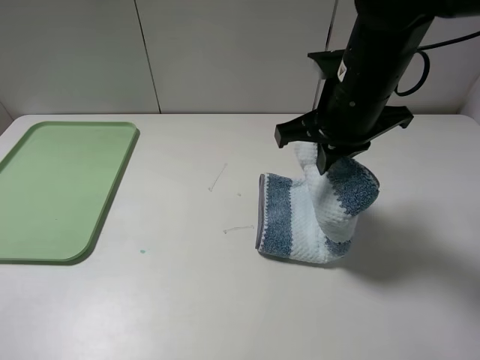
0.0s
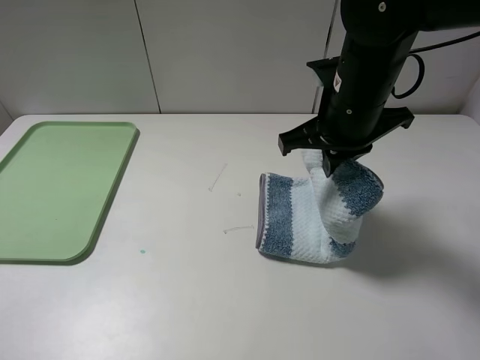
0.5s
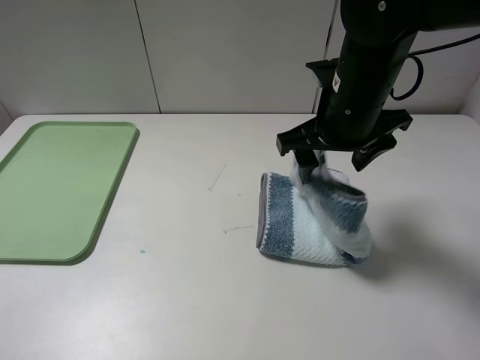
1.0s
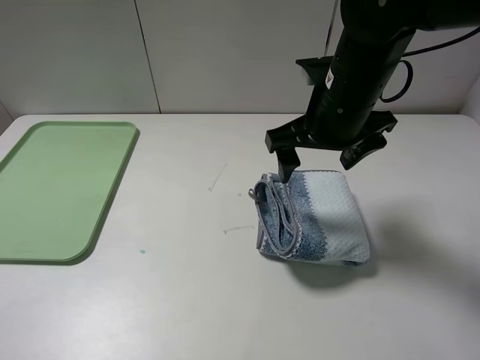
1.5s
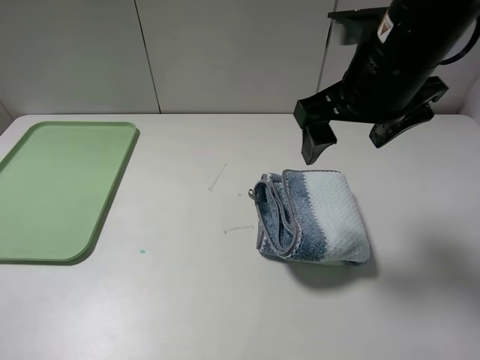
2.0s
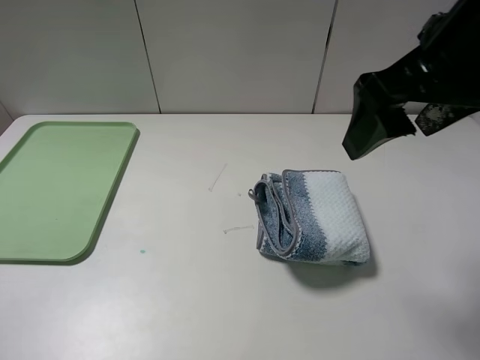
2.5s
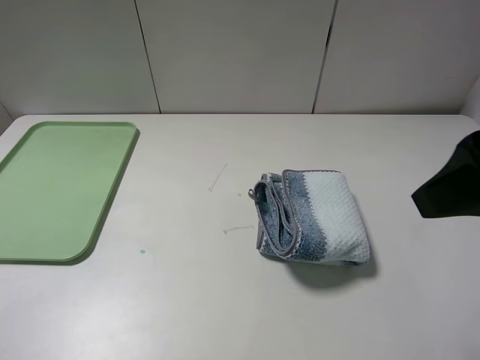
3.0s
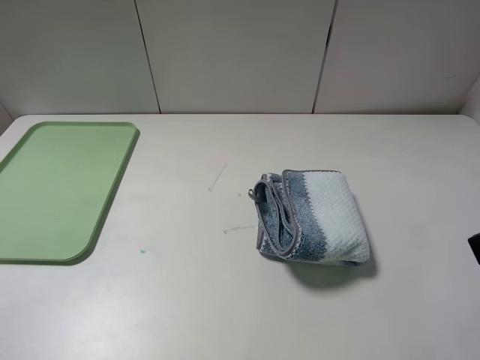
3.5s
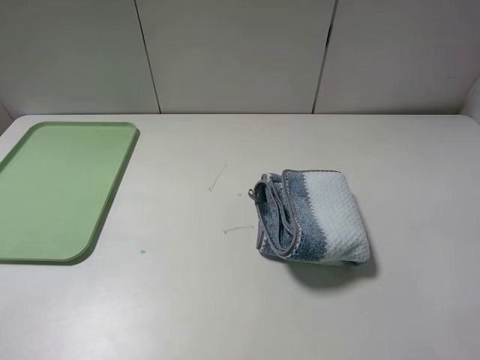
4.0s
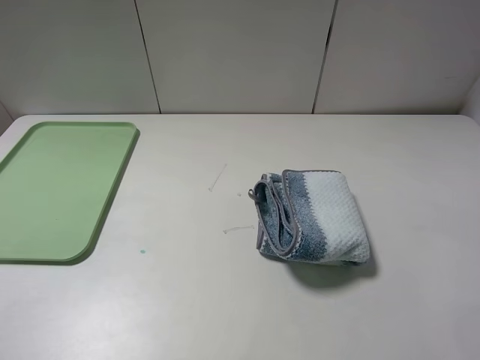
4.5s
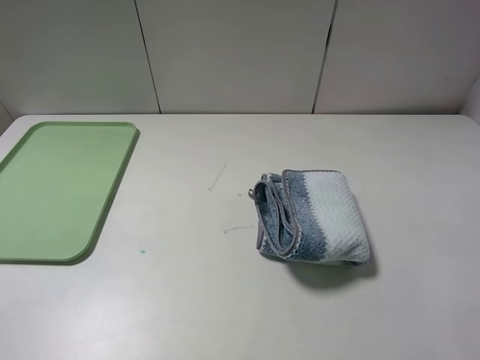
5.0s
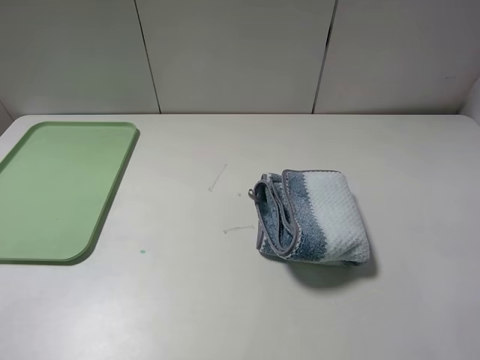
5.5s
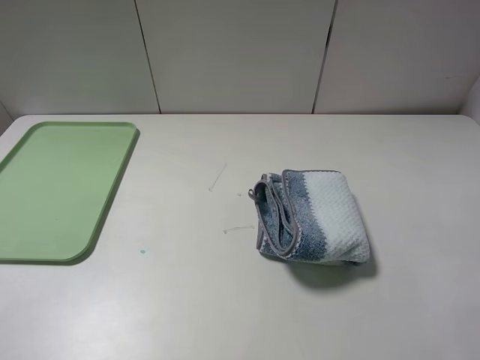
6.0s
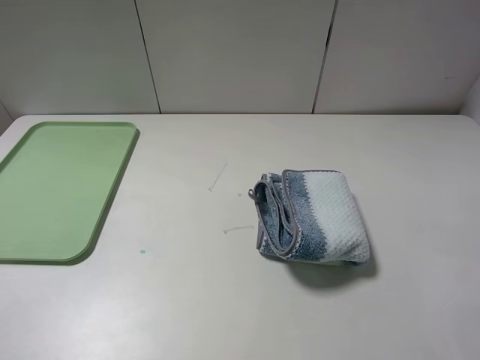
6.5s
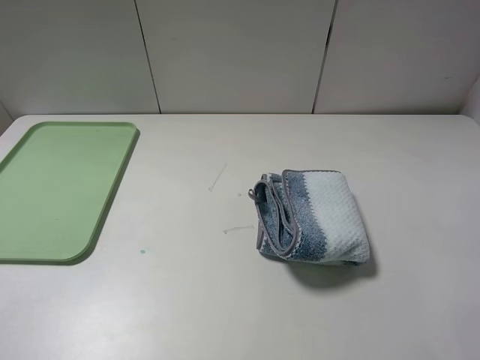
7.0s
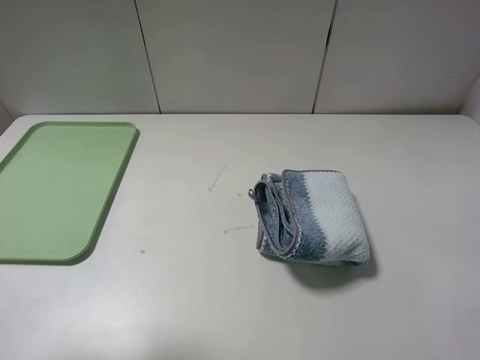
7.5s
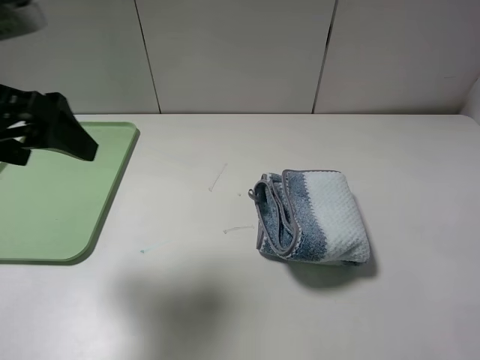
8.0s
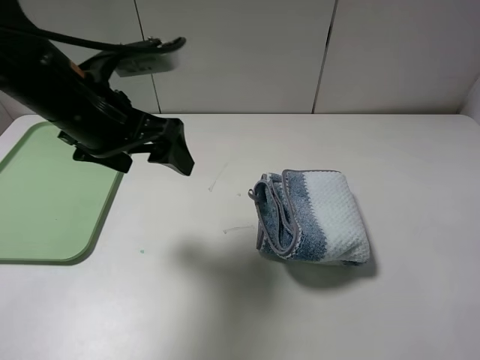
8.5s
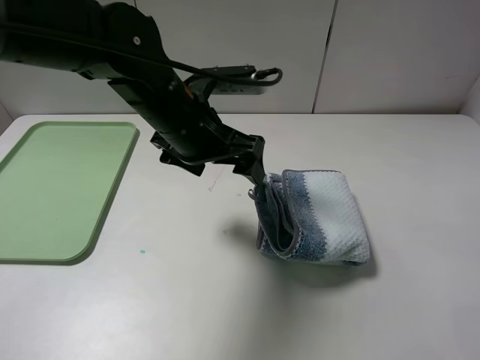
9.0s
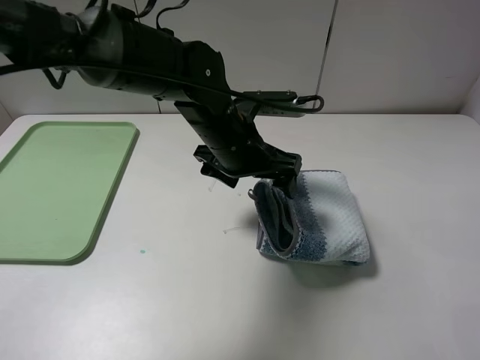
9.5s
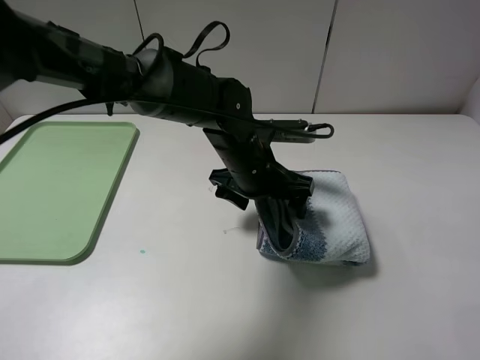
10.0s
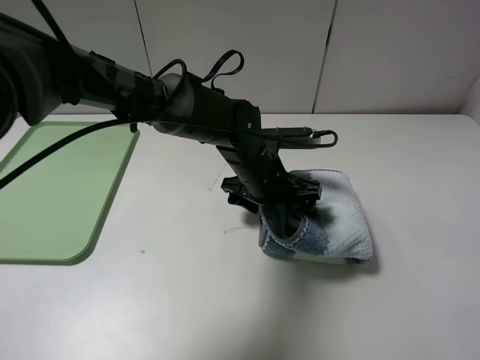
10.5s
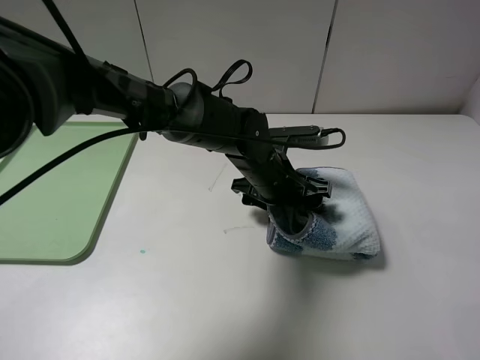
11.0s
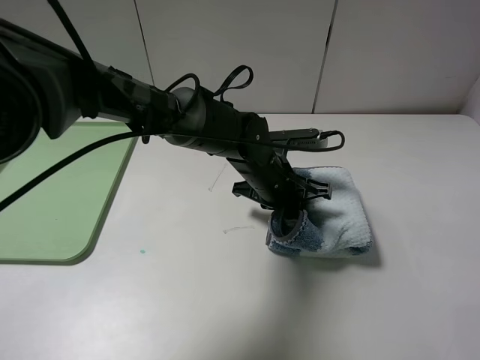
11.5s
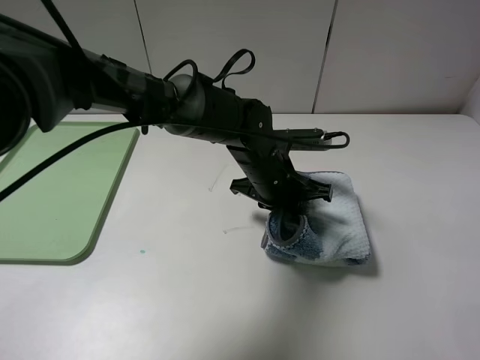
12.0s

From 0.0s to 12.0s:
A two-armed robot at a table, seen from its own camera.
Step, from 2.0s to 11.5s: Grasp the blue white towel with the left gripper.
From 0.0s to 2.0s: The right gripper moves upward, about 5 cm, and opens its fingers.
From 2.0s to 4.0s: The right gripper moves backward and to the right, about 25 cm.
From 6.0s to 8.0s: The left gripper shifts roughly 20 cm forward.
From 8.0s to 10.0s: The left gripper moves to the right and downward, roughly 30 cm.
From 10.0s to 12.0s: The left gripper closes its fingers.

• Your assignment: Return the material from above in full, exactly as written, with the pictures omitted.

• Output for this task:
0.0s
0.5s
1.0s
1.5s
2.0s
2.5s
3.0s
3.5s
4.0s
4.5s
5.0s
5.5s
6.0s
6.5s
7.0s
7.5s
8.0s
8.5s
9.0s
9.5s
10.0s
10.5s
11.0s
11.5s
12.0s

From 0.0s to 12.0s:
A two-armed robot at a table, seen from its own camera.
Step, from 2.0s to 11.5s: Grasp the blue white towel with the left gripper.
From 0.0s to 2.0s: The right gripper moves upward, about 5 cm, and opens its fingers.
From 2.0s to 4.0s: The right gripper moves backward and to the right, about 25 cm.
From 6.0s to 8.0s: The left gripper shifts roughly 20 cm forward.
From 8.0s to 10.0s: The left gripper moves to the right and downward, roughly 30 cm.
From 10.0s to 12.0s: The left gripper closes its fingers.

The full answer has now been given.